Jonathan Demme’s “A Master Builder,” based on the play by Henrik Ibsen, finds an aging Wallace Shawn playing Halvard Solness, a master architect nearing the end of his life. He lives in a big house — where all of the film’s action takes place —- that’s frequented by acquaintances, doctors and employees, and yet, everything feels closed-in and uninhabited. He has a wife, Aline (Julie Hagerty), but there’s no spark between them, nothing resembling a loving marriage.

Solness is selfish and scathing, condescending and distant. At one point in his life, he screwed over his friend Knut Brovik (Andre Gregory) to get ahead in his career. He’s afraid of being eclipsed by young, potential competition in the form of Ragnor Brovik (Jeff Biehl), so he keeps him at a lowly position and won’t let him take on any jobs by himself.
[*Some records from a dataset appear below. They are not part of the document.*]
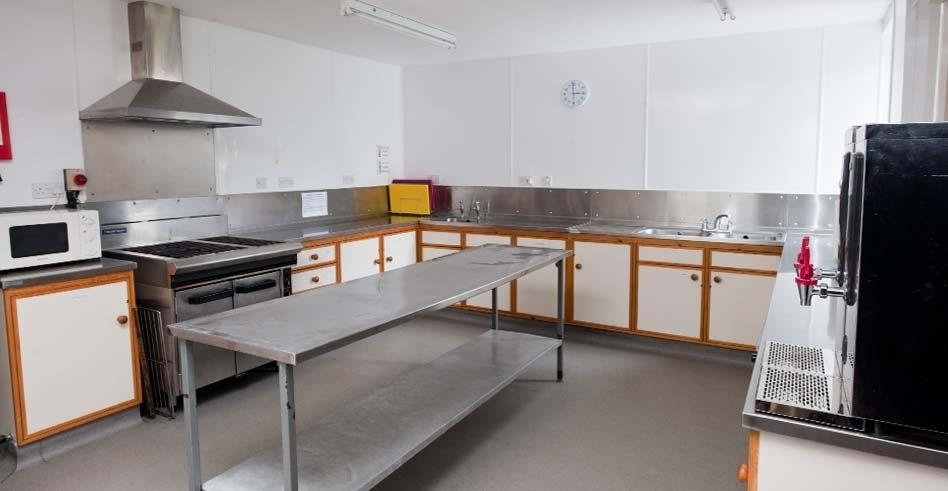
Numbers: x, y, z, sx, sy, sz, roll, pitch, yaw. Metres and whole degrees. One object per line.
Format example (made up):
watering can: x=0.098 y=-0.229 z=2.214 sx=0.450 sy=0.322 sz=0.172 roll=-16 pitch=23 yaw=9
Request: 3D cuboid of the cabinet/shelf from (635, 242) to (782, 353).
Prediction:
cabinet/shelf: x=2.663 y=0.455 z=6.316 sx=1.501 sy=1.126 sz=0.776 roll=4 pitch=17 yaw=29

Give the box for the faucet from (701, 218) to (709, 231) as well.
faucet: x=2.617 y=-0.239 z=6.372 sx=0.092 sy=0.113 sz=0.221 roll=3 pitch=11 yaw=21

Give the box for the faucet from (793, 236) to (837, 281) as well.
faucet: x=2.084 y=0.128 z=3.521 sx=0.145 sy=0.313 sz=0.351 roll=-4 pitch=4 yaw=25

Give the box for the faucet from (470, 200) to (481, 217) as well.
faucet: x=0.023 y=-0.503 z=7.557 sx=0.168 sy=0.196 sz=0.065 roll=6 pitch=13 yaw=34

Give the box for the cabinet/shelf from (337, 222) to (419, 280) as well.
cabinet/shelf: x=-1.021 y=0.190 z=6.948 sx=1.218 sy=0.609 sz=0.407 roll=-11 pitch=-9 yaw=29

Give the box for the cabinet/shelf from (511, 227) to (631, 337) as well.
cabinet/shelf: x=1.156 y=0.382 z=6.324 sx=1.492 sy=0.898 sz=0.547 roll=1 pitch=1 yaw=23

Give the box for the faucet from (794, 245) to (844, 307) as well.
faucet: x=2.115 y=0.183 z=3.405 sx=0.317 sy=0.324 sz=0.271 roll=2 pitch=13 yaw=6

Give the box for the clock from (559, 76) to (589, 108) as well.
clock: x=1.239 y=-1.900 z=6.939 sx=0.375 sy=0.307 sz=0.089 roll=2 pitch=2 yaw=29

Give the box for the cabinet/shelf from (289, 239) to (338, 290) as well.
cabinet/shelf: x=-1.929 y=0.242 z=6.327 sx=0.461 sy=0.541 sz=0.634 roll=15 pitch=18 yaw=35

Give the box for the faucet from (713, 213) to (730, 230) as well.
faucet: x=2.776 y=-0.268 z=6.325 sx=0.183 sy=0.164 sz=0.191 roll=3 pitch=11 yaw=21

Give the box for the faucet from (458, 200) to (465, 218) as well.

Solness is an incredibly successful architect, and yet, at this point in his life, it appears he doesn’t have much to show for it. He’s spent his whole life building for others, but he’s neglected building a home for himself and his wife. Solness’ architectural career has become his entire existence.

The only way he feels alive is when he’s surrounded by younger women: one of them, Kaia Fosli (Emily Cass McDonnell), he hired just so he could be around her and have sexual companionship; the other, Hilde Wangel (Lisa Joyce), a frisky, mysterious girl who had an encounter with Solness years ago, when she was only 12 and has never gotten over it.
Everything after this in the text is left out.